'''
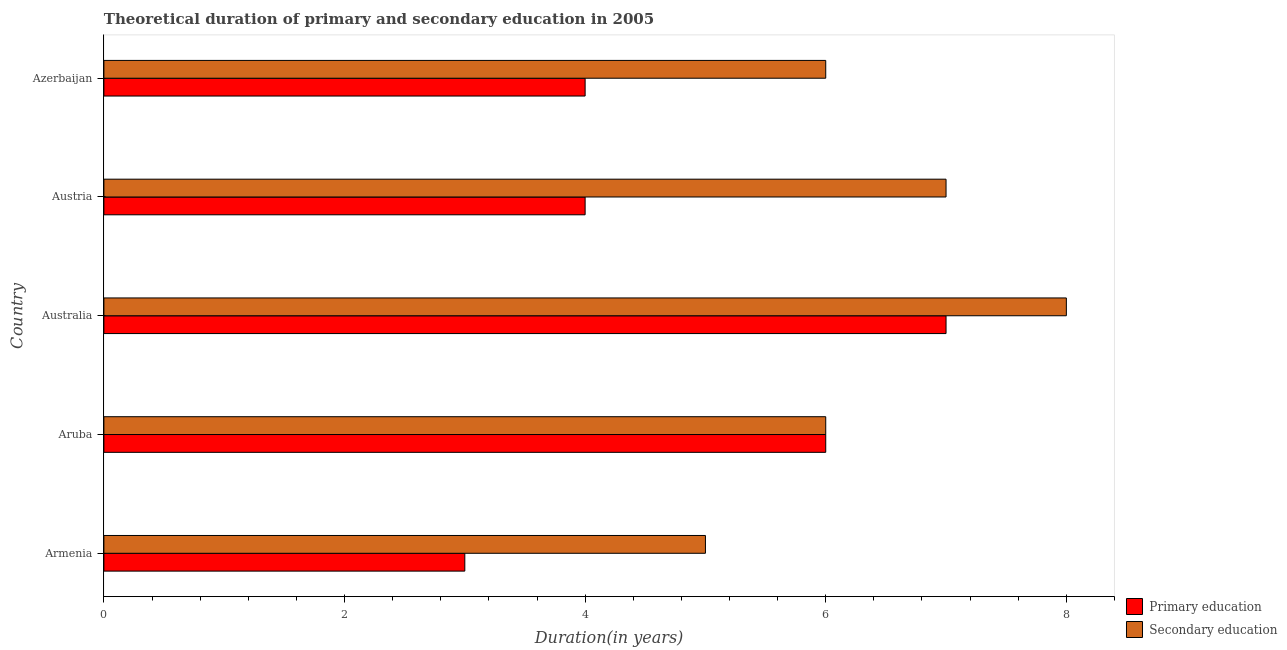Are the number of bars on each tick of the Y-axis equal?
Your answer should be compact. Yes. How many bars are there on the 4th tick from the top?
Ensure brevity in your answer.  2. How many bars are there on the 1st tick from the bottom?
Your answer should be compact. 2. What is the label of the 2nd group of bars from the top?
Your response must be concise. Austria. What is the duration of secondary education in Australia?
Offer a very short reply. 8. Across all countries, what is the maximum duration of primary education?
Offer a terse response. 7. Across all countries, what is the minimum duration of primary education?
Offer a terse response. 3. In which country was the duration of primary education minimum?
Your answer should be compact. Armenia. What is the total duration of secondary education in the graph?
Provide a short and direct response. 32. What is the difference between the duration of secondary education in Armenia and that in Australia?
Keep it short and to the point. -3. What is the difference between the duration of secondary education in Austria and the duration of primary education in Armenia?
Your answer should be compact. 4. What is the difference between the duration of primary education and duration of secondary education in Azerbaijan?
Your answer should be very brief. -2. What is the ratio of the duration of secondary education in Armenia to that in Aruba?
Offer a very short reply. 0.83. Is the duration of primary education in Armenia less than that in Australia?
Offer a very short reply. Yes. What is the difference between the highest and the second highest duration of primary education?
Give a very brief answer. 1. What is the difference between the highest and the lowest duration of primary education?
Keep it short and to the point. 4. What does the 1st bar from the top in Azerbaijan represents?
Give a very brief answer. Secondary education. How many bars are there?
Provide a succinct answer. 10. Are all the bars in the graph horizontal?
Offer a very short reply. Yes. Are the values on the major ticks of X-axis written in scientific E-notation?
Your response must be concise. No. Where does the legend appear in the graph?
Make the answer very short. Bottom right. What is the title of the graph?
Provide a succinct answer. Theoretical duration of primary and secondary education in 2005. What is the label or title of the X-axis?
Ensure brevity in your answer.  Duration(in years). What is the label or title of the Y-axis?
Your response must be concise. Country. What is the Duration(in years) in Secondary education in Aruba?
Ensure brevity in your answer.  6. What is the Duration(in years) of Secondary education in Austria?
Your response must be concise. 7. What is the Duration(in years) in Secondary education in Azerbaijan?
Your answer should be compact. 6. Across all countries, what is the maximum Duration(in years) in Secondary education?
Give a very brief answer. 8. Across all countries, what is the minimum Duration(in years) of Primary education?
Offer a terse response. 3. What is the total Duration(in years) in Primary education in the graph?
Provide a short and direct response. 24. What is the total Duration(in years) of Secondary education in the graph?
Provide a succinct answer. 32. What is the difference between the Duration(in years) in Primary education in Armenia and that in Aruba?
Give a very brief answer. -3. What is the difference between the Duration(in years) of Primary education in Armenia and that in Australia?
Give a very brief answer. -4. What is the difference between the Duration(in years) in Primary education in Armenia and that in Azerbaijan?
Give a very brief answer. -1. What is the difference between the Duration(in years) in Secondary education in Aruba and that in Austria?
Offer a terse response. -1. What is the difference between the Duration(in years) in Primary education in Australia and that in Azerbaijan?
Provide a succinct answer. 3. What is the difference between the Duration(in years) of Primary education in Austria and that in Azerbaijan?
Provide a succinct answer. 0. What is the difference between the Duration(in years) in Secondary education in Austria and that in Azerbaijan?
Offer a very short reply. 1. What is the difference between the Duration(in years) of Primary education in Armenia and the Duration(in years) of Secondary education in Aruba?
Your response must be concise. -3. What is the difference between the Duration(in years) in Primary education in Armenia and the Duration(in years) in Secondary education in Azerbaijan?
Offer a terse response. -3. What is the difference between the Duration(in years) of Primary education in Aruba and the Duration(in years) of Secondary education in Australia?
Ensure brevity in your answer.  -2. What is the difference between the Duration(in years) in Primary education in Aruba and the Duration(in years) in Secondary education in Austria?
Provide a succinct answer. -1. What is the difference between the Duration(in years) of Primary education in Australia and the Duration(in years) of Secondary education in Azerbaijan?
Give a very brief answer. 1. What is the average Duration(in years) of Secondary education per country?
Offer a very short reply. 6.4. What is the difference between the Duration(in years) in Primary education and Duration(in years) in Secondary education in Armenia?
Your response must be concise. -2. What is the difference between the Duration(in years) of Primary education and Duration(in years) of Secondary education in Aruba?
Your response must be concise. 0. What is the difference between the Duration(in years) of Primary education and Duration(in years) of Secondary education in Australia?
Ensure brevity in your answer.  -1. What is the difference between the Duration(in years) in Primary education and Duration(in years) in Secondary education in Austria?
Ensure brevity in your answer.  -3. What is the ratio of the Duration(in years) of Primary education in Armenia to that in Aruba?
Keep it short and to the point. 0.5. What is the ratio of the Duration(in years) in Primary education in Armenia to that in Australia?
Offer a terse response. 0.43. What is the ratio of the Duration(in years) of Primary education in Armenia to that in Azerbaijan?
Ensure brevity in your answer.  0.75. What is the ratio of the Duration(in years) in Primary education in Aruba to that in Australia?
Offer a very short reply. 0.86. What is the ratio of the Duration(in years) in Primary education in Aruba to that in Austria?
Your response must be concise. 1.5. What is the ratio of the Duration(in years) of Secondary education in Aruba to that in Austria?
Your response must be concise. 0.86. What is the ratio of the Duration(in years) in Primary education in Aruba to that in Azerbaijan?
Offer a terse response. 1.5. What is the ratio of the Duration(in years) of Secondary education in Australia to that in Austria?
Your answer should be very brief. 1.14. What is the ratio of the Duration(in years) in Primary education in Australia to that in Azerbaijan?
Ensure brevity in your answer.  1.75. What is the ratio of the Duration(in years) of Secondary education in Australia to that in Azerbaijan?
Ensure brevity in your answer.  1.33. What is the ratio of the Duration(in years) of Secondary education in Austria to that in Azerbaijan?
Give a very brief answer. 1.17. What is the difference between the highest and the second highest Duration(in years) of Secondary education?
Make the answer very short. 1.
'''
Starting at the line that has "Your response must be concise. Austria." and ending at the line that has "Offer a terse response. 7.", please write out the lines above exactly, leaving out all others.

▸ **ANSWER TO THE PROBLEM**
Your response must be concise. Austria. What is the duration of secondary education in Australia?
Offer a very short reply. 8. Across all countries, what is the maximum duration of primary education?
Offer a terse response. 7. Across all countries, what is the minimum duration of primary education?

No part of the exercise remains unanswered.